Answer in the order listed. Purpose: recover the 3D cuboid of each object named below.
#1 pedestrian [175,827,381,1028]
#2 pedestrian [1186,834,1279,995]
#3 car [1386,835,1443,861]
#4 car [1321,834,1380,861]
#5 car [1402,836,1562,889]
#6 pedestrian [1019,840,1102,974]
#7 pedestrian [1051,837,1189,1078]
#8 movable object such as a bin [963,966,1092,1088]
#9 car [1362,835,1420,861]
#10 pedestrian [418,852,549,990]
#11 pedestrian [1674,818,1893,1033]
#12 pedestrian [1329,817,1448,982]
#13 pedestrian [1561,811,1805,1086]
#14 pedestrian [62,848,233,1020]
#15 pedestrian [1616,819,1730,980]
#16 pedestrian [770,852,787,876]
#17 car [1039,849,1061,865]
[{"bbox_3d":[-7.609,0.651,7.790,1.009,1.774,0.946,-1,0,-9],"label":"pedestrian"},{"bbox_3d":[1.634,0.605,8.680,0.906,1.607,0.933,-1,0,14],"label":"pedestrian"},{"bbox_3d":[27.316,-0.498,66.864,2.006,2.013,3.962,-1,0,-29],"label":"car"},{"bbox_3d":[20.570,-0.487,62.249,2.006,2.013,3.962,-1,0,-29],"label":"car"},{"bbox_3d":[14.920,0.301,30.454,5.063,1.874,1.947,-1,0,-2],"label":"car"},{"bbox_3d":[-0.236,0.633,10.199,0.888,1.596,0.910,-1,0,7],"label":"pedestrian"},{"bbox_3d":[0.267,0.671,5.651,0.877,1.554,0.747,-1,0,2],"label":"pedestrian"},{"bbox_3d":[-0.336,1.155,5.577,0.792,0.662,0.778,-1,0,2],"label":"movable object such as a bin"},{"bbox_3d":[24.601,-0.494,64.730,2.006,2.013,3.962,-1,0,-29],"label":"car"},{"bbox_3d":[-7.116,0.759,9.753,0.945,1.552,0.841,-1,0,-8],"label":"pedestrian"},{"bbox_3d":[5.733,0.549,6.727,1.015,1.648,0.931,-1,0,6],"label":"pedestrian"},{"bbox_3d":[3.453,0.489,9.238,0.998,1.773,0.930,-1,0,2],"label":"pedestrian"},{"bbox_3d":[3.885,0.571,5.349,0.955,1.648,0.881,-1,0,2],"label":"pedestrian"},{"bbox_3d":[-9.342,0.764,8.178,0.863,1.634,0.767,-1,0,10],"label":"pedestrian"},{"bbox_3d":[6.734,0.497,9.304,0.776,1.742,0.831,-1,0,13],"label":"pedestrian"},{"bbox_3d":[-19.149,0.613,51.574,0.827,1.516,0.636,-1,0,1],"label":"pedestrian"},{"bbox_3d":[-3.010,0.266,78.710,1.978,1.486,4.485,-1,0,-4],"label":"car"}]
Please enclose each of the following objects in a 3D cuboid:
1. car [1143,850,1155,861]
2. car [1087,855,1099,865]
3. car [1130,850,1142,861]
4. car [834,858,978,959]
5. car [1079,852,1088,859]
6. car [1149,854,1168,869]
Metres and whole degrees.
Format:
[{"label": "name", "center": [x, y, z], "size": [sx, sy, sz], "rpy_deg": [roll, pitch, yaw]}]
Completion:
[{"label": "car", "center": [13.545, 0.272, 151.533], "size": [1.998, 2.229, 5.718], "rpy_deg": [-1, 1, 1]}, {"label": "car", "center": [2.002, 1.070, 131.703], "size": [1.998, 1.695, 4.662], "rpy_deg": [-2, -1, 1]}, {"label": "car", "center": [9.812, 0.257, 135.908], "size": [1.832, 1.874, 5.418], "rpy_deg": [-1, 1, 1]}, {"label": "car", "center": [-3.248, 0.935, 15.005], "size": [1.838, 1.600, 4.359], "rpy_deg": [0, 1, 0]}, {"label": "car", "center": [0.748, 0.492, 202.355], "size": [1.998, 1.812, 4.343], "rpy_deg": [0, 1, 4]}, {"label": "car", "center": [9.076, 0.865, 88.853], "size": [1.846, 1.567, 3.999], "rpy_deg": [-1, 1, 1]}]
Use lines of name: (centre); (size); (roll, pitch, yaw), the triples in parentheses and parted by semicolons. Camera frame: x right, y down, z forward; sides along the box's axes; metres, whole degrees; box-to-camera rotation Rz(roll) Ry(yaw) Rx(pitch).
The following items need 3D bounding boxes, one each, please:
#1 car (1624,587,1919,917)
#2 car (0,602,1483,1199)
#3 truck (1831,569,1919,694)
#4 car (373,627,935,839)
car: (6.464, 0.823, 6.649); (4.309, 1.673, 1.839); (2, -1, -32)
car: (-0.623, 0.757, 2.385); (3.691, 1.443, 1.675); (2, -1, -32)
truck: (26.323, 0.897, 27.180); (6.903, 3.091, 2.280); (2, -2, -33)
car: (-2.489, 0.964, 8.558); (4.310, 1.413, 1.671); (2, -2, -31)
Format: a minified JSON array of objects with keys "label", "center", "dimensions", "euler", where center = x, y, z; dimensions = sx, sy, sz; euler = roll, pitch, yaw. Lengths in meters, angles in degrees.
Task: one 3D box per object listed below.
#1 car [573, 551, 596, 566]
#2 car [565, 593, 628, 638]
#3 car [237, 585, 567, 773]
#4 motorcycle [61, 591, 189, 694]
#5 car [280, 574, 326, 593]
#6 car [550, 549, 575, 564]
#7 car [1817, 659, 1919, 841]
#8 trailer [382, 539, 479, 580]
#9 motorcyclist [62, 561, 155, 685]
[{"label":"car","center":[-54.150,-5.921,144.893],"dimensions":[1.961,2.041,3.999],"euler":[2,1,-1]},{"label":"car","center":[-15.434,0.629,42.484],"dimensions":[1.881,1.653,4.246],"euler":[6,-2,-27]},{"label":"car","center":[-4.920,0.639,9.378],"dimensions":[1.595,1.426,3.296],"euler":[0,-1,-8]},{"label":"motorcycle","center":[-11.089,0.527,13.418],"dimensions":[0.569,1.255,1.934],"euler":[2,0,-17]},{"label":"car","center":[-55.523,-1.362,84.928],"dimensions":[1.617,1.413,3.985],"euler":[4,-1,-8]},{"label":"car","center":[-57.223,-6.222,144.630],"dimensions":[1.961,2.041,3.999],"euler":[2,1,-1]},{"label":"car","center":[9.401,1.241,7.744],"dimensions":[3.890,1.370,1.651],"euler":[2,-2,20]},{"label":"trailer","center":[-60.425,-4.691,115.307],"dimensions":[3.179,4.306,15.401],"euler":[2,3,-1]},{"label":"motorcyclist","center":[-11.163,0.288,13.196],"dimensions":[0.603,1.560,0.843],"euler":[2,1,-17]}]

* Work instruction *
What is needed here is an exact copy of all the records above.

* Written reply *
Answer in the order listed. Purpose: recover the 3D cuboid of each object named below.
#1 pedestrian [175,827,381,1028]
#2 pedestrian [1186,834,1279,995]
#3 car [1386,835,1443,861]
#4 car [1321,834,1380,861]
#5 car [1402,836,1562,889]
#6 pedestrian [1019,840,1102,974]
#7 pedestrian [1051,837,1189,1078]
#8 movable object such as a bin [963,966,1092,1088]
#9 car [1362,835,1420,861]
#10 pedestrian [418,852,549,990]
#11 pedestrian [1674,818,1893,1033]
#12 pedestrian [1329,817,1448,982]
#13 pedestrian [1561,811,1805,1086]
#14 pedestrian [62,848,233,1020]
#15 pedestrian [1616,819,1730,980]
#16 pedestrian [770,852,787,876]
#17 car [1039,849,1061,865]
[{"bbox_3d":[-7.609,0.651,7.790,1.009,1.774,0.946,-1,0,-9],"label":"pedestrian"},{"bbox_3d":[1.634,0.605,8.680,0.906,1.607,0.933,-1,0,14],"label":"pedestrian"},{"bbox_3d":[27.316,-0.498,66.864,2.006,2.013,3.962,-1,0,-29],"label":"car"},{"bbox_3d":[20.570,-0.487,62.249,2.006,2.013,3.962,-1,0,-29],"label":"car"},{"bbox_3d":[14.920,0.301,30.454,5.063,1.874,1.947,-1,0,-2],"label":"car"},{"bbox_3d":[-0.236,0.633,10.199,0.888,1.596,0.910,-1,0,7],"label":"pedestrian"},{"bbox_3d":[0.267,0.671,5.651,0.877,1.554,0.747,-1,0,2],"label":"pedestrian"},{"bbox_3d":[-0.336,1.155,5.577,0.792,0.662,0.778,-1,0,2],"label":"movable object such as a bin"},{"bbox_3d":[24.601,-0.494,64.730,2.006,2.013,3.962,-1,0,-29],"label":"car"},{"bbox_3d":[-7.116,0.759,9.753,0.945,1.552,0.841,-1,0,-8],"label":"pedestrian"},{"bbox_3d":[5.733,0.549,6.727,1.015,1.648,0.931,-1,0,6],"label":"pedestrian"},{"bbox_3d":[3.453,0.489,9.238,0.998,1.773,0.930,-1,0,2],"label":"pedestrian"},{"bbox_3d":[3.885,0.571,5.349,0.955,1.648,0.881,-1,0,2],"label":"pedestrian"},{"bbox_3d":[-9.342,0.764,8.178,0.863,1.634,0.767,-1,0,10],"label":"pedestrian"},{"bbox_3d":[6.734,0.497,9.304,0.776,1.742,0.831,-1,0,13],"label":"pedestrian"},{"bbox_3d":[-19.149,0.613,51.574,0.827,1.516,0.636,-1,0,1],"label":"pedestrian"},{"bbox_3d":[-3.010,0.266,78.710,1.978,1.486,4.485,-1,0,-4],"label":"car"}]
Please enclose each of the following objects in a 3D cuboid:
1. car [1143,850,1155,861]
2. car [1087,855,1099,865]
3. car [1130,850,1142,861]
4. car [834,858,978,959]
5. car [1079,852,1088,859]
6. car [1149,854,1168,869]
Metres and whole degrees.
Format:
[{"label": "name", "center": [x, y, z], "size": [sx, sy, sz], "rpy_deg": [roll, pitch, yaw]}]
Completion:
[{"label": "car", "center": [13.545, 0.272, 151.533], "size": [1.998, 2.229, 5.718], "rpy_deg": [-1, 1, 1]}, {"label": "car", "center": [2.002, 1.070, 131.703], "size": [1.998, 1.695, 4.662], "rpy_deg": [-2, -1, 1]}, {"label": "car", "center": [9.812, 0.257, 135.908], "size": [1.832, 1.874, 5.418], "rpy_deg": [-1, 1, 1]}, {"label": "car", "center": [-3.248, 0.935, 15.005], "size": [1.838, 1.600, 4.359], "rpy_deg": [0, 1, 0]}, {"label": "car", "center": [0.748, 0.492, 202.355], "size": [1.998, 1.812, 4.343], "rpy_deg": [0, 1, 4]}, {"label": "car", "center": [9.076, 0.865, 88.853], "size": [1.846, 1.567, 3.999], "rpy_deg": [-1, 1, 1]}]
Use lines of name: (centre); (size); (roll, pitch, yaw), the triples in parentheses and parted by semicolons. Camera frame: x right, y down, z forward; sides along the box's axes; metres, whole degrees; box-to-camera rotation Rz(roll) Ry(yaw) Rx(pitch).
The following items need 3D bounding boxes, one each, please:
#1 car (1624,587,1919,917)
#2 car (0,602,1483,1199)
#3 truck (1831,569,1919,694)
#4 car (373,627,935,839)
car: (6.464, 0.823, 6.649); (4.309, 1.673, 1.839); (2, -1, -32)
car: (-0.623, 0.757, 2.385); (3.691, 1.443, 1.675); (2, -1, -32)
truck: (26.323, 0.897, 27.180); (6.903, 3.091, 2.280); (2, -2, -33)
car: (-2.489, 0.964, 8.558); (4.310, 1.413, 1.671); (2, -2, -31)
Format: a minified JSON array of objects with keys "label", "center", "dimensions", "euler", where center = x, y, z; dimensions = sx, sy, sz; euler = roll, pitch, yaw. Lengths in meters, angles in degrees.
Task: one 3D box per object listed below.
#1 car [573, 551, 596, 566]
#2 car [565, 593, 628, 638]
#3 car [237, 585, 567, 773]
#4 motorcycle [61, 591, 189, 694]
#5 car [280, 574, 326, 593]
#6 car [550, 549, 575, 564]
#7 car [1817, 659, 1919, 841]
#8 trailer [382, 539, 479, 580]
#9 motorcyclist [62, 561, 155, 685]
[{"label":"car","center":[-54.150,-5.921,144.893],"dimensions":[1.961,2.041,3.999],"euler":[2,1,-1]},{"label":"car","center":[-15.434,0.629,42.484],"dimensions":[1.881,1.653,4.246],"euler":[6,-2,-27]},{"label":"car","center":[-4.920,0.639,9.378],"dimensions":[1.595,1.426,3.296],"euler":[0,-1,-8]},{"label":"motorcycle","center":[-11.089,0.527,13.418],"dimensions":[0.569,1.255,1.934],"euler":[2,0,-17]},{"label":"car","center":[-55.523,-1.362,84.928],"dimensions":[1.617,1.413,3.985],"euler":[4,-1,-8]},{"label":"car","center":[-57.223,-6.222,144.630],"dimensions":[1.961,2.041,3.999],"euler":[2,1,-1]},{"label":"car","center":[9.401,1.241,7.744],"dimensions":[3.890,1.370,1.651],"euler":[2,-2,20]},{"label":"trailer","center":[-60.425,-4.691,115.307],"dimensions":[3.179,4.306,15.401],"euler":[2,3,-1]},{"label":"motorcyclist","center":[-11.163,0.288,13.196],"dimensions":[0.603,1.560,0.843],"euler":[2,1,-17]}]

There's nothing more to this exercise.